Il regista utilizza immagini d’archivio provenienti dagli album privati dei nazisti intervistati dove notiamo come i loro volti innocenti da infanti ariani mostrino già un aspetto demoniaco.
Raccontano gli esordi nella Jungvolk, tra dieci e i quattordici anni e del successivo passaggio nella gioventù hitleriana, dove divertimento e gioco scompaiono prima di essere trasferiti nei rispettivi reparti di competenza. Indirettamente il film ci parla anche del cinema nazionalsocialista mostrandoci tutto il potere persuasivo delle immagine nei confronti del popolo tedesco.
Spettacolari filmati d’archivio ritraggono i roghi avvenuti durante la Notte dei cristalli in cui bruciano le sinagoghe ebraiche.
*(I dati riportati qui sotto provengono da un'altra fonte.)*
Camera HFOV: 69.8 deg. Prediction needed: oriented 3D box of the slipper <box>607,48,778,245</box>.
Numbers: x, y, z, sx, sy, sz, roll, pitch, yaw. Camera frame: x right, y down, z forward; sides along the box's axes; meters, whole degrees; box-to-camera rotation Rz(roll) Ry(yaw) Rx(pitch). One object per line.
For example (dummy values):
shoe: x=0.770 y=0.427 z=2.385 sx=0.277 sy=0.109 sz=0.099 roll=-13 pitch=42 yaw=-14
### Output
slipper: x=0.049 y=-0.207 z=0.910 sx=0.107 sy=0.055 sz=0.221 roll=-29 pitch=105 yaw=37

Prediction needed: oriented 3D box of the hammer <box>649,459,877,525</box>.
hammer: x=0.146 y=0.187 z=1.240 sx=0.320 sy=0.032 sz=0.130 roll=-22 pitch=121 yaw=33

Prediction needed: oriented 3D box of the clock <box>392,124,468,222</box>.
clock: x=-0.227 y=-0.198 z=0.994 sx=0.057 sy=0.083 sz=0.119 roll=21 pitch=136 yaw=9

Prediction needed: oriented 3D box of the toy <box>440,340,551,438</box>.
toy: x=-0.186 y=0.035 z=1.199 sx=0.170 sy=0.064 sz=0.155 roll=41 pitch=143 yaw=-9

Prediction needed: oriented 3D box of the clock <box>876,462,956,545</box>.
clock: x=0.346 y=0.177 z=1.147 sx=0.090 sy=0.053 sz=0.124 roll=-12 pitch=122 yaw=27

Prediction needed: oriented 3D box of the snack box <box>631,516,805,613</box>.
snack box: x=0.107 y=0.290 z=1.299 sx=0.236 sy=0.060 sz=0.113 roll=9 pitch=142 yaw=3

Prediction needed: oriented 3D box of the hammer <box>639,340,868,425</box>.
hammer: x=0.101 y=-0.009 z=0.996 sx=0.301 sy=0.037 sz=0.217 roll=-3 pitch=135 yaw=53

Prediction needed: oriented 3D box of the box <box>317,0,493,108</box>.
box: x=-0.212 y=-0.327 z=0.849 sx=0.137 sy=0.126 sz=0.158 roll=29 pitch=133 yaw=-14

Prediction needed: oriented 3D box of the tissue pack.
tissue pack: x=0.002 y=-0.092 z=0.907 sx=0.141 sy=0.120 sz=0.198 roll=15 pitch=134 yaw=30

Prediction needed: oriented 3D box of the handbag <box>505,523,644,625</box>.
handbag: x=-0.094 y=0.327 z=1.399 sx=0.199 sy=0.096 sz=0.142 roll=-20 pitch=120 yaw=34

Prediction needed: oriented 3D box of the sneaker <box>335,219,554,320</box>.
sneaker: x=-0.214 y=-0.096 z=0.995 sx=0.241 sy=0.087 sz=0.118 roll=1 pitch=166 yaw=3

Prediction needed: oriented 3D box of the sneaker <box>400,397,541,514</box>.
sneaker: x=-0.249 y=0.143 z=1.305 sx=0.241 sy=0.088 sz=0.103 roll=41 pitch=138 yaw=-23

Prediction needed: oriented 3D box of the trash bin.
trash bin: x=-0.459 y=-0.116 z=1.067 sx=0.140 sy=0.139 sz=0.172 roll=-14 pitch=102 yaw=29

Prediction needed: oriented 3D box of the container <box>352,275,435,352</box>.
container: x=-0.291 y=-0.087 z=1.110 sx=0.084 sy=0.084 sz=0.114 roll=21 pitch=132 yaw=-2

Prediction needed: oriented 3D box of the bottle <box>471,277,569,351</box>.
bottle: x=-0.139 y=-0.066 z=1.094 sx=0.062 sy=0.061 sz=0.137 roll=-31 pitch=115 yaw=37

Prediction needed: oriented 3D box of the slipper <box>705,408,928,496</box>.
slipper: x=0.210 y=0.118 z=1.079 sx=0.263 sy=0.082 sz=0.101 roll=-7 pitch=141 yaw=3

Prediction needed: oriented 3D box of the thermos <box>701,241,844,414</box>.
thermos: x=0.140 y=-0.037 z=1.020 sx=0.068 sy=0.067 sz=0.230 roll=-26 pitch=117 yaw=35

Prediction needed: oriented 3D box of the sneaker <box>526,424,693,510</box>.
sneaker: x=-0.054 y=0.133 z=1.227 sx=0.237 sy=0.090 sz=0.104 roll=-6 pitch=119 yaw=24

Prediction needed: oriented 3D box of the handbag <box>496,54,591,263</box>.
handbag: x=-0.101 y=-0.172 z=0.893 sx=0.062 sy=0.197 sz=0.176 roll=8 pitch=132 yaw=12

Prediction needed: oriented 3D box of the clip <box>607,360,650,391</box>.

I cuori degli spettatori bruciano con loro nel vedere queste immagini.
Le voci dei superstiti tagliano l’aria come tagliavano le loro daghe naziste. Molti di loro sdrammatizzano con risate isteriche ciò che raccontano, altri negano che sia accaduto tutto ciò affermando che la mancanza di prove documentarie impedisca la veridicità dei fatti. Pochi sono realmente pentiti, altri si rifugiano dietro il potere delle parole, lo stesso potere che ha permesso al nazionalsocialismo di prosperare indisturbato.
Un documentario d’inchiesta canonico ma necessario.
–
NIGHT IN PARADISE di Hoon-jung Park
Tae-gu lavora nell’organizzazione criminale di Mr. Yang, dalla quale è intenzionato a staccarsi per amore della sorella e della nipote, che finiscono vittime di un’inspiegabile incidente stradale. Vendicatosi della loro morte uccidendo il boss di una banda rivale, Tae-gu si rifugia da Kuto, un trafficante d’armi che vive con la nipote malata Jae-yeon sull’isola di Jeju. A sua insaputa la gang di Tae-gu viene sterminata, lasciandolo solo a combattere con la banda rivale in cerca di vendetta per l’attentato commesso ai danni del loro boss.
Hoon-jung Park, un regista sudcoreano conosciuto per aver scritto il fortunato film I Saw the Devil [2010] diretto da Kim Jee-woon, presenta Fuori Concorso il gangster movie, Night in Paradise [2020].
Un film d’autore nella forma ma commerciale nei contenuti. Cerca di rispettare i canoni tradizionali dell’action movie piuttosto che provare a sperimentare con essi creando nuovi linguaggi.
Il film pecca in sceneggiatura. La costruzione iniziale è frettolosa e sovrapposta, lo spettatore nella prima mezzora incontra troppi personaggi, a malapena accennati e alcuni mai più approfonditi.
Per un’ora abbondante non accade nulla finché non si scatena una sparatoria sull’isola di Jeju dove il regista decide di porre fine al personaggio di Kuto, il più interessante assieme a quello della nipote Jeon Yeo-been. Il film sarebbe stato molto più pungente se fosse stata lei la protagonista.
L’attore Uhm Tae-goo è statico e privo d’espressività, si limita a pose plastiche degne di un modello patinato. La storia d’amore tra i due, entrambi condannati a morte, ruba troppo tempo alla trama principale, che viene trascurata. La durata avrebbe avuto bisogno di una sceneggiatura più solida o di una mezzora in meno di minutaggio.